# New to me 2018 Cruze LT, I cant leave anything alone



## v8sten (Aug 24, 2017)

I just got this car less than 2 weeks ago and I have debadged it, painted the gold bow tie black, and lowered it with eibach pro springs. This was an old Mary Kay car, I found that hilarious. Alright I know everyone is going to ask, "Hows the ride with the Eibach springs?" In my opinion, it rides much better than the stock springs, Now my car is a "Commercial Vehicle" I have no clue if that changes anything. It handles better too. I did my first UBER driving last night, and with a carload of girls it rode great. I highly recommend these springs. Overall I am pleased with this car. My only complaint is at night driving I have noticed in park, before the automatic lights kick on, if I go straight from "P" to "D" the screen stays bright. If I kick the reverse camera on, it then dims as it should. And that [email protected] Auto Stop crap. I found to just put it in "L" and togggle up to "L6" it wont shut down at the light.

When I got it









A Mary Kay car









After the front bow tie painting and installing the Eibach springs









Another angle showing the debadging and after the drop


----------



## Iamantman (Sep 24, 2018)

Looks great, really clean!

It's funny you said that about Mary Kay too because when I visited some friends when I first got my car, my friend was like oh my wife has one of those for Mary Kay. lol I guess it was a common reward car for them.


----------



## Eddy Cruze (Jan 10, 2014)

Mary Kay has begun issuing Chevrolet Cruze compact cars to its beauty product sales contractors as the Dallas-based company continues to expand beyond its signature pink Cadillacs.


In January, the company began providing select sales associates with black BMW 320i luxury sedans. The company selected the Cruze as an affordable, fuel-efficient option, the company told General Motors.

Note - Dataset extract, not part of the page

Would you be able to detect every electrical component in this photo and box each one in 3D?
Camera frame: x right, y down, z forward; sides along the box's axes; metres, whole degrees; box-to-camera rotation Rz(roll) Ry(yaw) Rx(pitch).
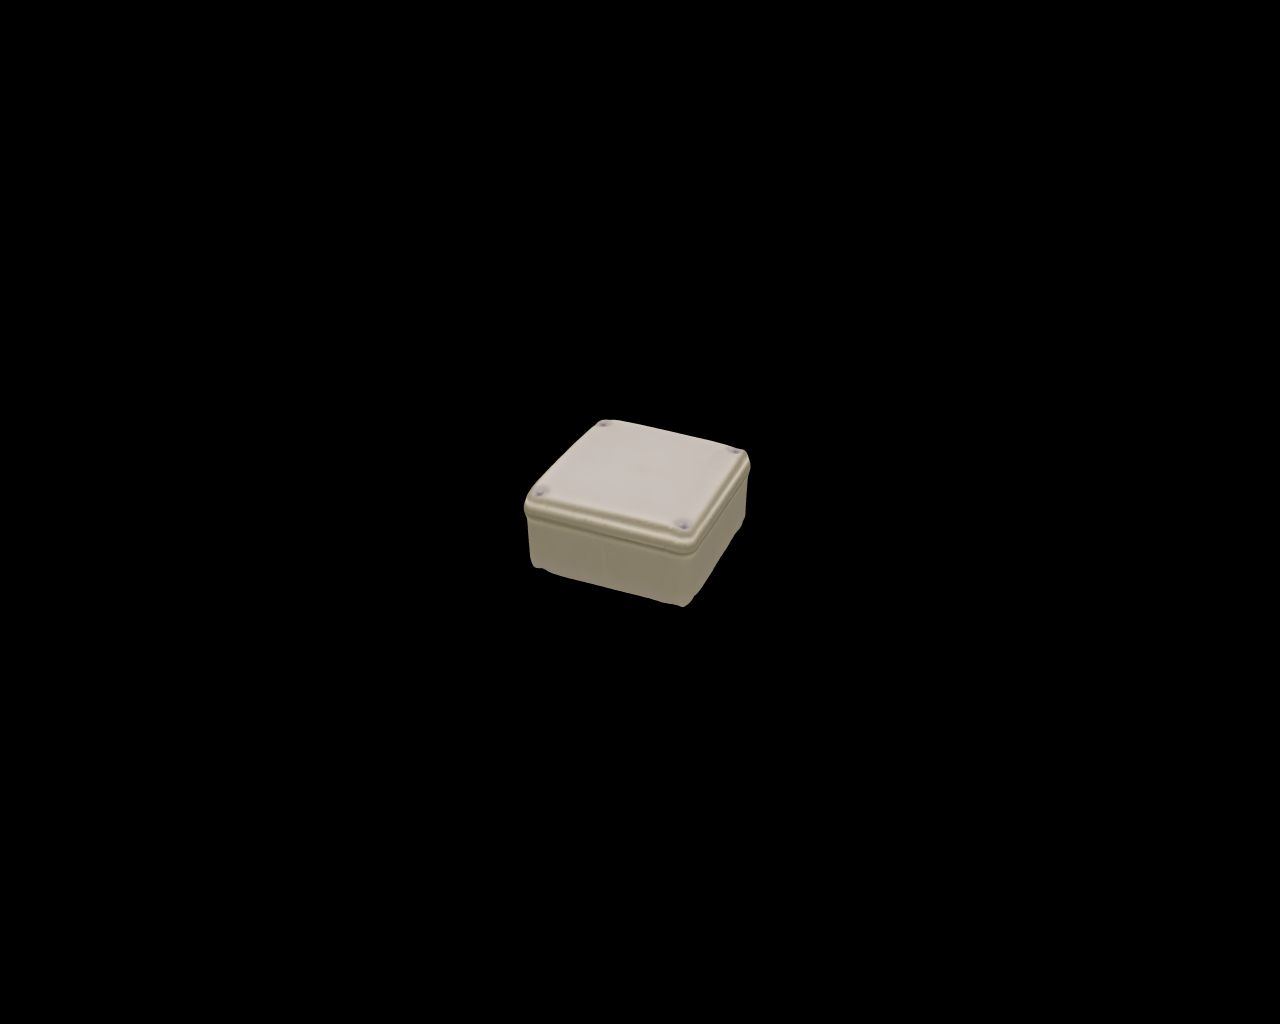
[{"bbox_3d":[0.001,-0.003,0.650,0.109,0.056,0.109,14,36,20],"label":"electrical component"}]

“Mary Kay selected the Chevrolet Cruze for its independent sales force members because it’s affordable, stylish, and offers impressive fuel economy, safety and technology,” said Laura Beitler, vice president, recognition and events, Mary Kay Inc. “Cruze serves as a symbol for the hard work and success many of our sales force members earn from their Mary Kay business.”


Fleet sales of the Cruze have risen 41 percent this year through October. Overall, the car is GM's best-selling global car. GM has sold more than 3 million since 2008.

For the 2015 model year, the automaker added greater connectivity such as a standard built-in Wi-Fi hotspot. Automotive Fleet and Business Fleet named the Cruze the Fleet Car of the Year.


----------



## dwood (May 18, 2020)

Looks great! I just got mine a few days ago and these are some of the first things I wanted to do with it. 
I'm glad its not just me with the screen brightness either, I actually noticed this last night driving after dark in it for the first time.


----------



## JayRod1207 (Jun 23, 2020)

That’s a beautiful looking Cruze! Do you plan on making any other modifications on it in the near future? If so, what were you planning on doing to it?


----------



## snowwy66 (Nov 5, 2017)

Look for the auto stop module. It disables that feature.

Unless you're one of the cheap boogers to buy the thing.

I love driving my car in drive gear.

Also. There's no way I'd deal with the car shutting down in cold temps.. The 16 and 17 were programmed for 41 degrees. The 18 and 19 got programmed for 14 degrees. Before it disables.


----------



## v8sten (Aug 24, 2017)

JayRod1207 said:


> That’s a beautiful looking Cruze! Do you plan on making any other modifications on it in the near future? If so, what were you planning on doing to it?


Maybe some 19s, and that's a big maybe. I dont plan on holding onto this car. I'll trade it in or sell it for a Denali dually in the future.


----------



## v8sten (Aug 24, 2017)

snowwy66 said:


> Look for the auto stop module. It disables that feature.
> 
> Unless you're one of the cheap boogers to buy the thing.
> 
> ...


As I stated in the original post, if you put it in "L6" the auto stop is disabled.


----------



## snowwy66 (Nov 5, 2017)

v8sten said:


> As I stated in the original post, if you put it in "L6" the auto stop is disabled.


Yep. And as I stated. The module disables.

I prefer to drive my car the old fashioned way.


----------